─── Recorded data ───

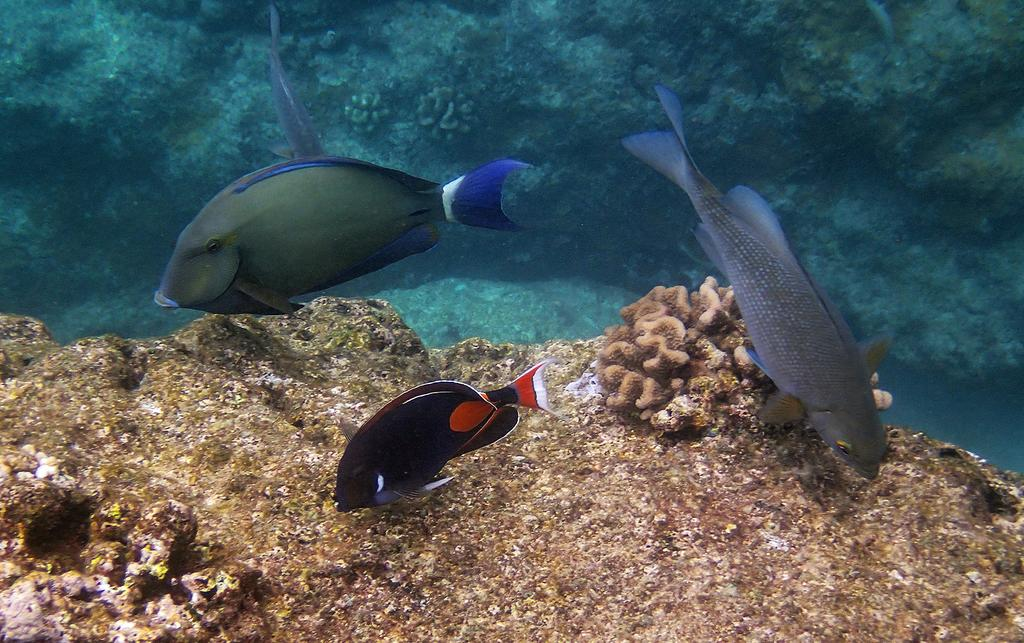How many fishes can be seen in the image? There are three fishes in the image. What else is present in the image besides the fishes? There are sea plants in the image. Where is the beggar sitting on the sofa in the image? There is no beggar or sofa present in the image; it features three fishes and sea plants. What type of sand can be seen in the image? There is no sand present in the image; it features three fishes and sea plants. 
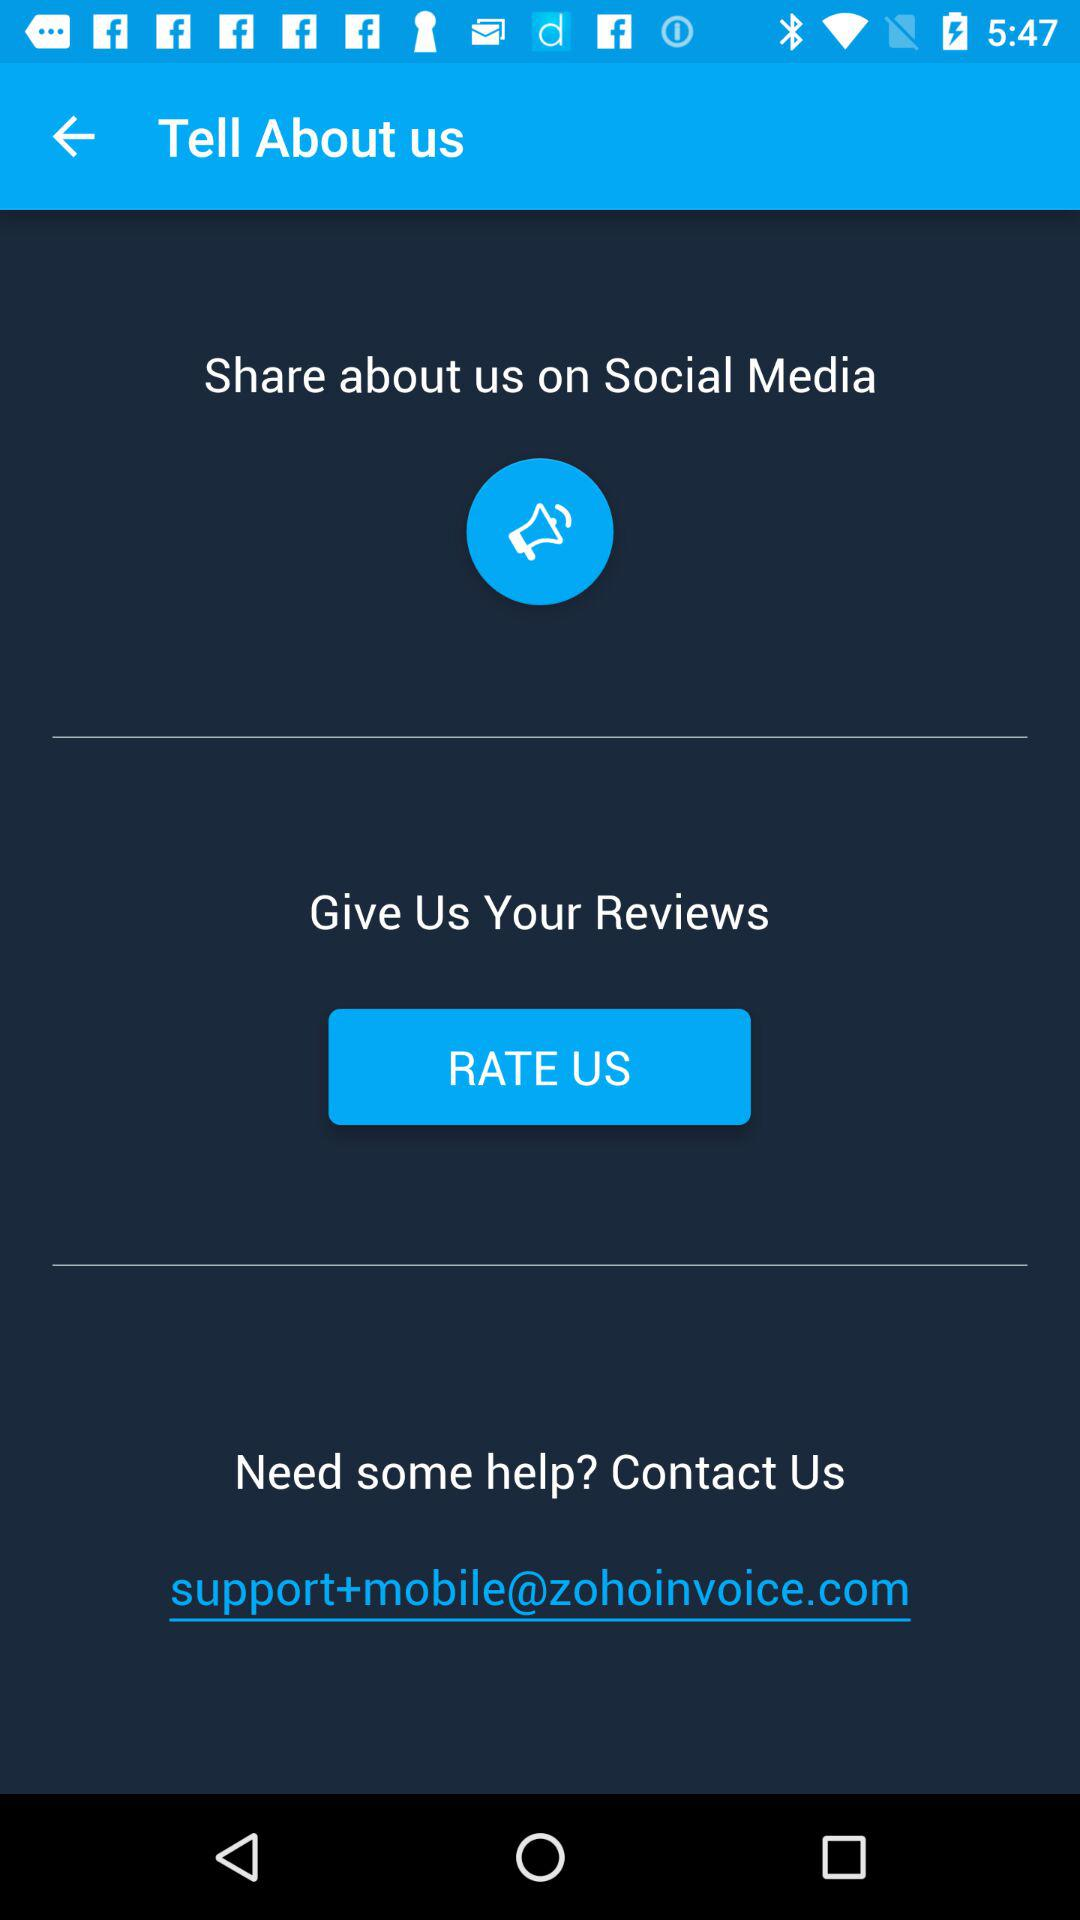What is the email address given to contact for help?
Answer the question using a single word or phrase. The email address is support+mobile@zohoinvoice.com 
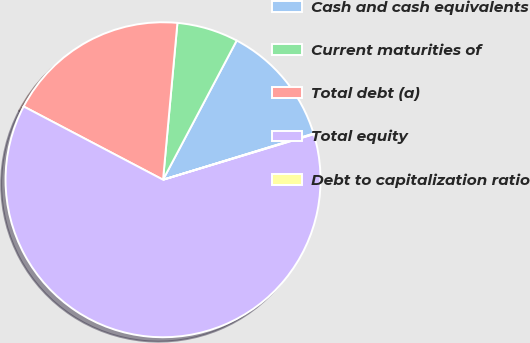Convert chart. <chart><loc_0><loc_0><loc_500><loc_500><pie_chart><fcel>Cash and cash equivalents<fcel>Current maturities of<fcel>Total debt (a)<fcel>Total equity<fcel>Debt to capitalization ratio<nl><fcel>12.52%<fcel>6.29%<fcel>18.75%<fcel>62.37%<fcel>0.06%<nl></chart> 
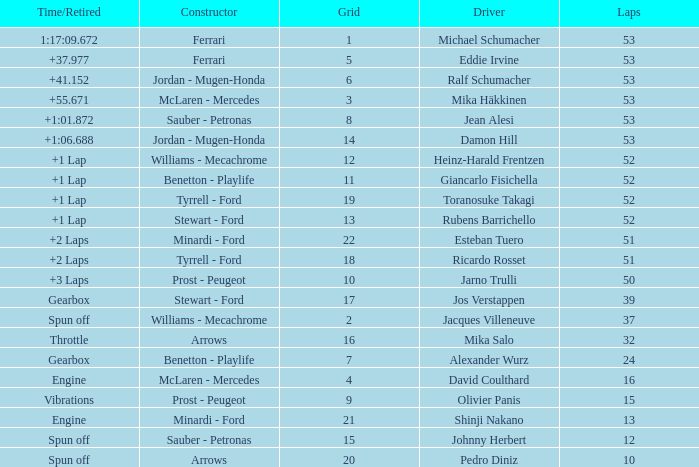Who built the car that went 53 laps with a Time/Retired of 1:17:09.672? Ferrari. 
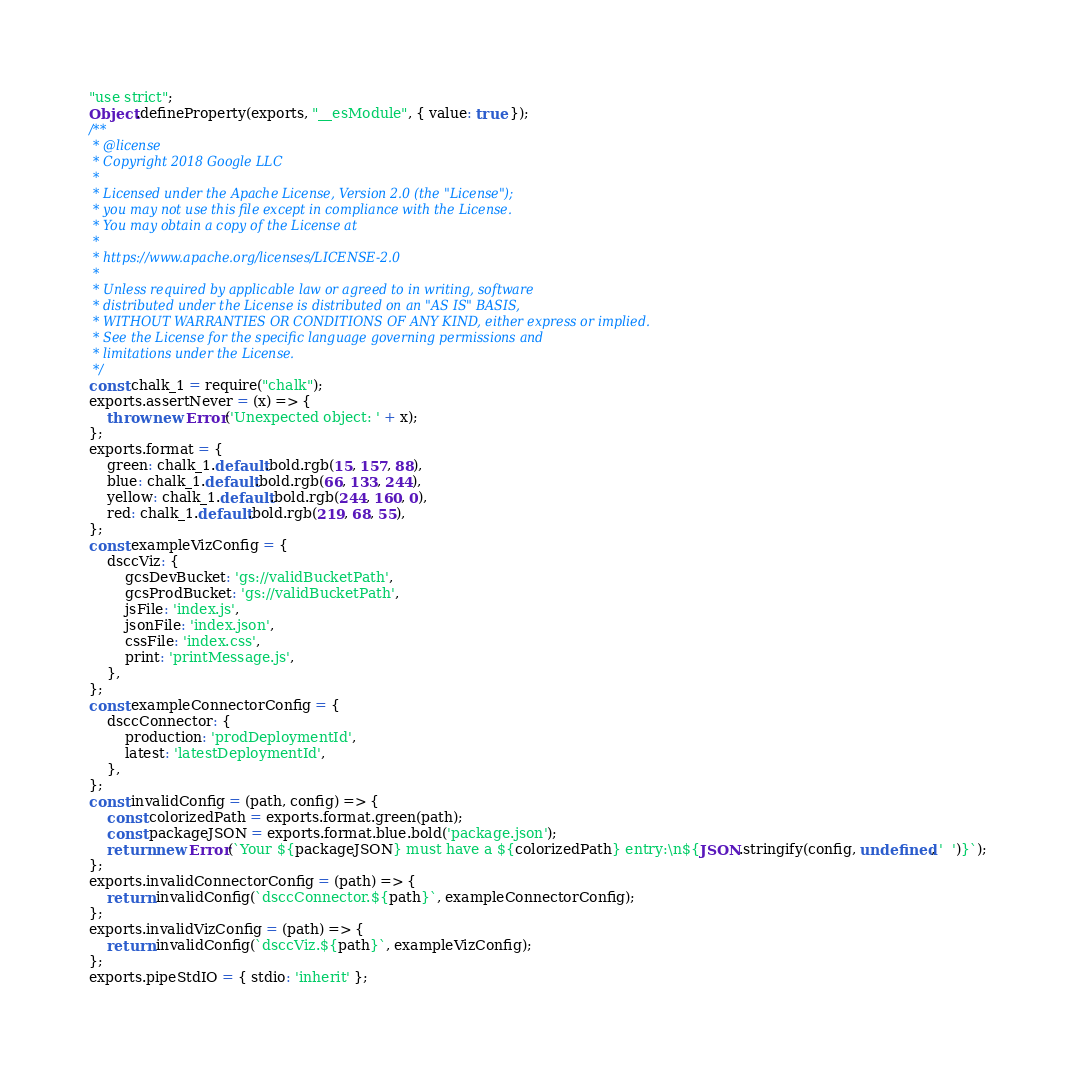<code> <loc_0><loc_0><loc_500><loc_500><_JavaScript_>"use strict";
Object.defineProperty(exports, "__esModule", { value: true });
/**
 * @license
 * Copyright 2018 Google LLC
 *
 * Licensed under the Apache License, Version 2.0 (the "License");
 * you may not use this file except in compliance with the License.
 * You may obtain a copy of the License at
 *
 * https://www.apache.org/licenses/LICENSE-2.0
 *
 * Unless required by applicable law or agreed to in writing, software
 * distributed under the License is distributed on an "AS IS" BASIS,
 * WITHOUT WARRANTIES OR CONDITIONS OF ANY KIND, either express or implied.
 * See the License for the specific language governing permissions and
 * limitations under the License.
 */
const chalk_1 = require("chalk");
exports.assertNever = (x) => {
    throw new Error('Unexpected object: ' + x);
};
exports.format = {
    green: chalk_1.default.bold.rgb(15, 157, 88),
    blue: chalk_1.default.bold.rgb(66, 133, 244),
    yellow: chalk_1.default.bold.rgb(244, 160, 0),
    red: chalk_1.default.bold.rgb(219, 68, 55),
};
const exampleVizConfig = {
    dsccViz: {
        gcsDevBucket: 'gs://validBucketPath',
        gcsProdBucket: 'gs://validBucketPath',
        jsFile: 'index.js',
        jsonFile: 'index.json',
        cssFile: 'index.css',
        print: 'printMessage.js',
    },
};
const exampleConnectorConfig = {
    dsccConnector: {
        production: 'prodDeploymentId',
        latest: 'latestDeploymentId',
    },
};
const invalidConfig = (path, config) => {
    const colorizedPath = exports.format.green(path);
    const packageJSON = exports.format.blue.bold('package.json');
    return new Error(`Your ${packageJSON} must have a ${colorizedPath} entry:\n${JSON.stringify(config, undefined, '  ')}`);
};
exports.invalidConnectorConfig = (path) => {
    return invalidConfig(`dsccConnector.${path}`, exampleConnectorConfig);
};
exports.invalidVizConfig = (path) => {
    return invalidConfig(`dsccViz.${path}`, exampleVizConfig);
};
exports.pipeStdIO = { stdio: 'inherit' };
</code> 
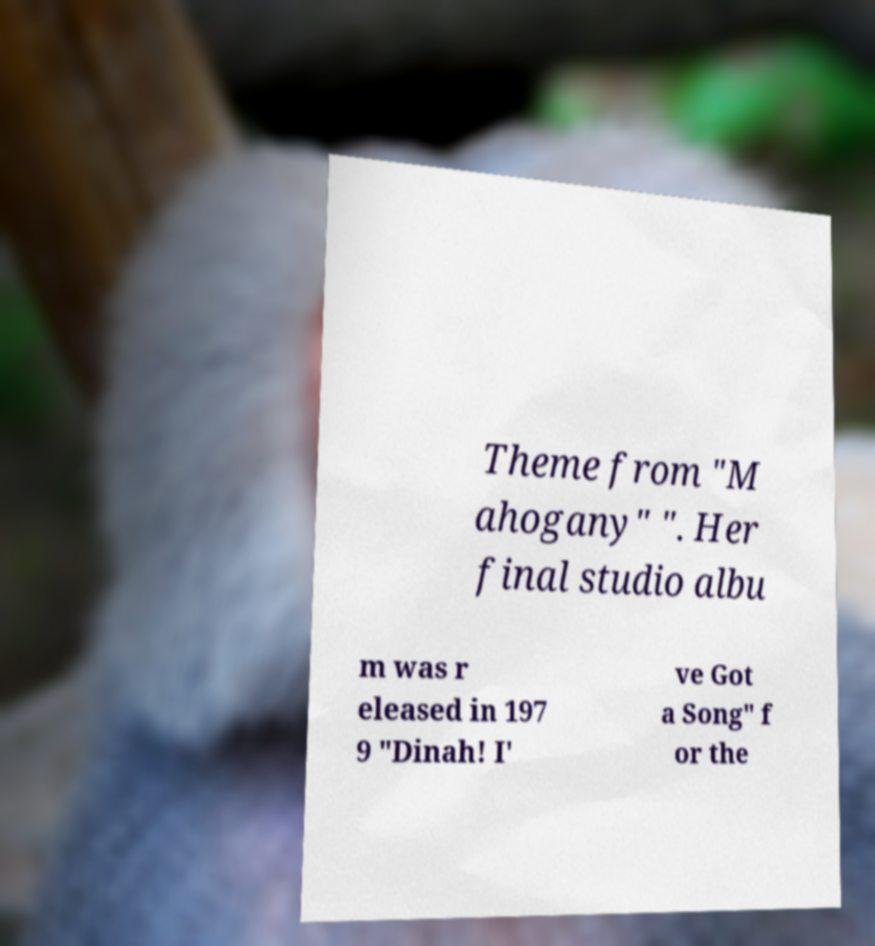Can you read and provide the text displayed in the image?This photo seems to have some interesting text. Can you extract and type it out for me? Theme from "M ahogany" ". Her final studio albu m was r eleased in 197 9 "Dinah! I' ve Got a Song" f or the 
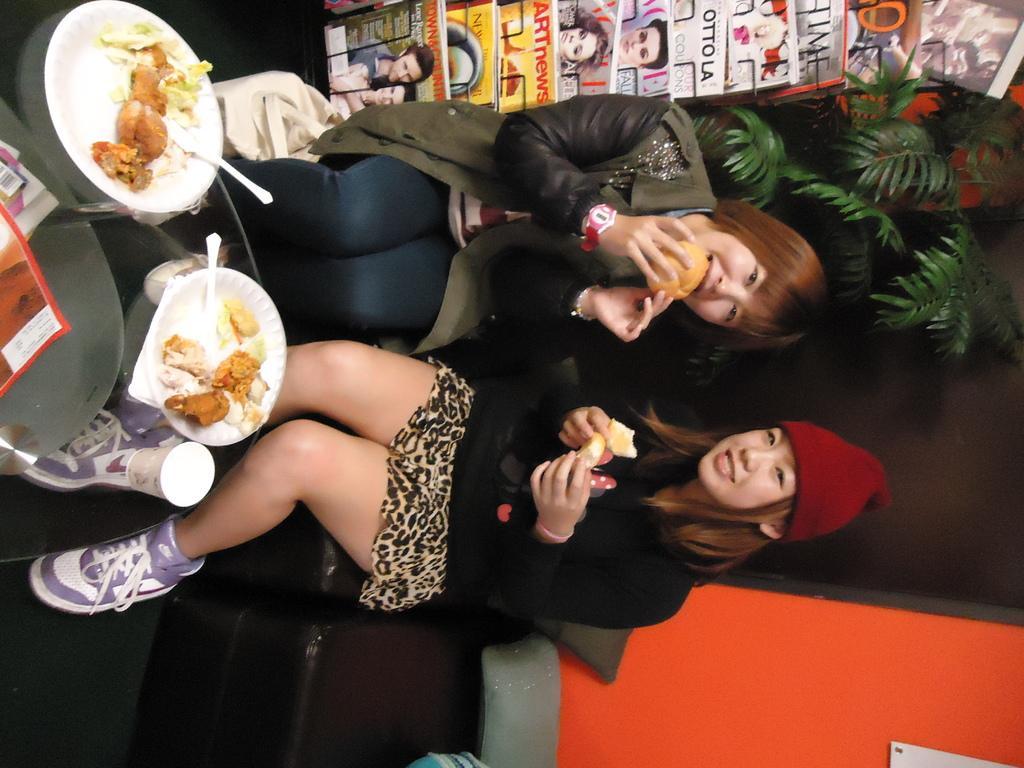Describe this image in one or two sentences. There are two women sitting on the chair and holding food item in their hands. On the table there are food items in two plates. In the background there are books in a stand,bag,house plant and a wall. 
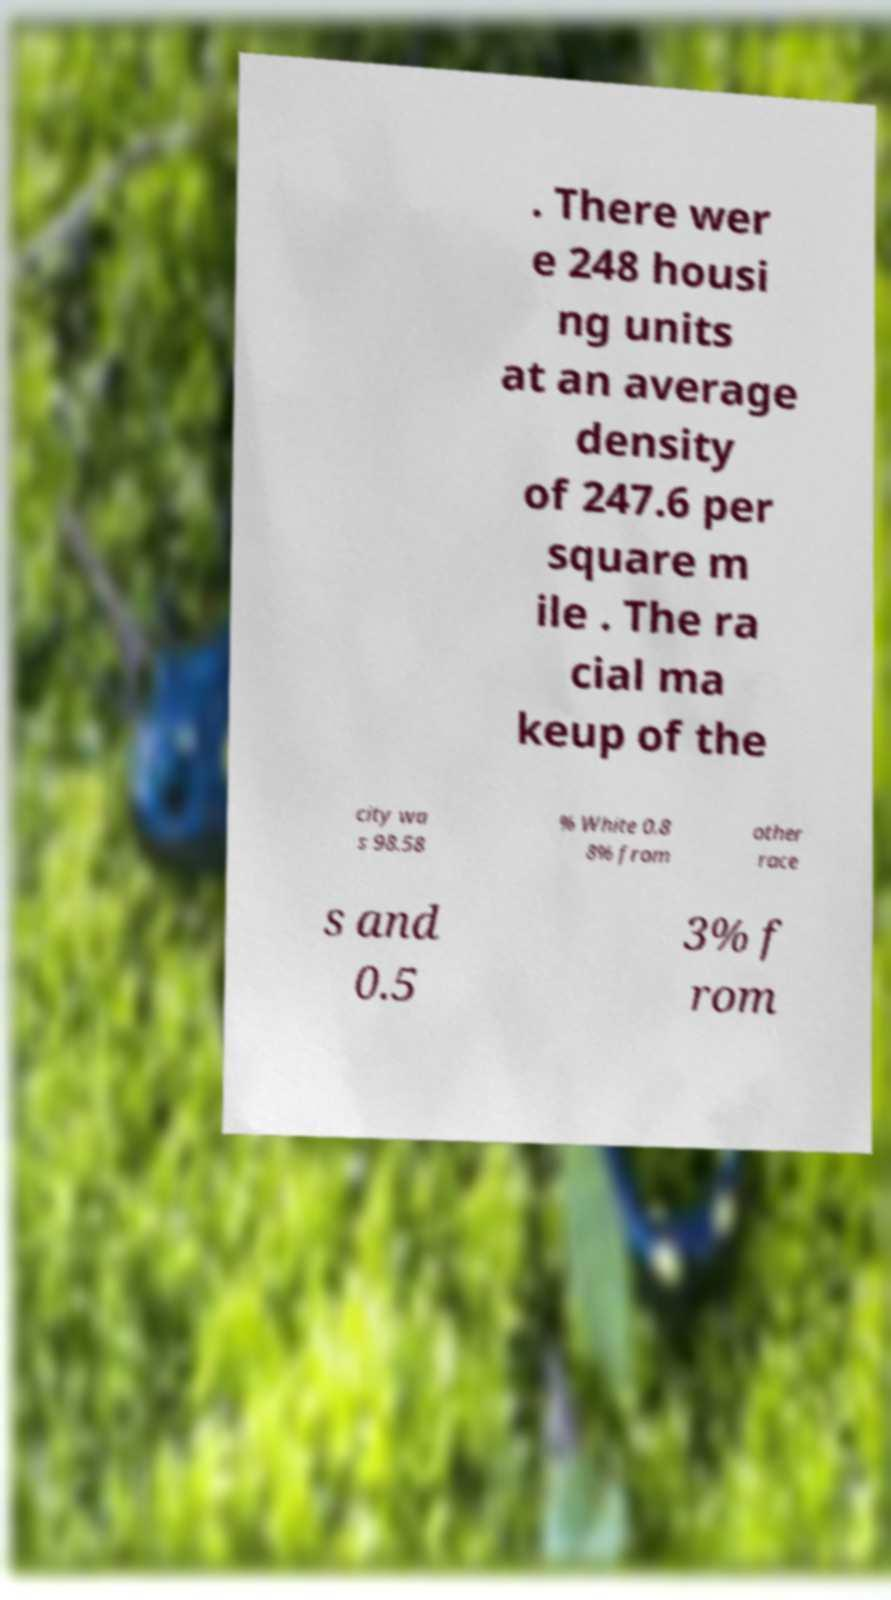Can you accurately transcribe the text from the provided image for me? . There wer e 248 housi ng units at an average density of 247.6 per square m ile . The ra cial ma keup of the city wa s 98.58 % White 0.8 8% from other race s and 0.5 3% f rom

───

* **Action item**:
Leaving the pictures out, set down exactly the lines from the one with "Describe this image" through the end of the records.

* **Answer for the task**:
Describe this image in one or two sentences. There are two women sitting on the chair and holding food item in their hands. On the table there are food items in two plates. In the background there are books in a stand,bag,house plant and a wall. 
Can you accurately transcribe the text from the provided image for me? . There wer e 248 housi ng units at an average density of 247.6 per square m ile . The ra cial ma keup of the city wa s 98.58 % White 0.8 8% from other race s and 0.5 3% f rom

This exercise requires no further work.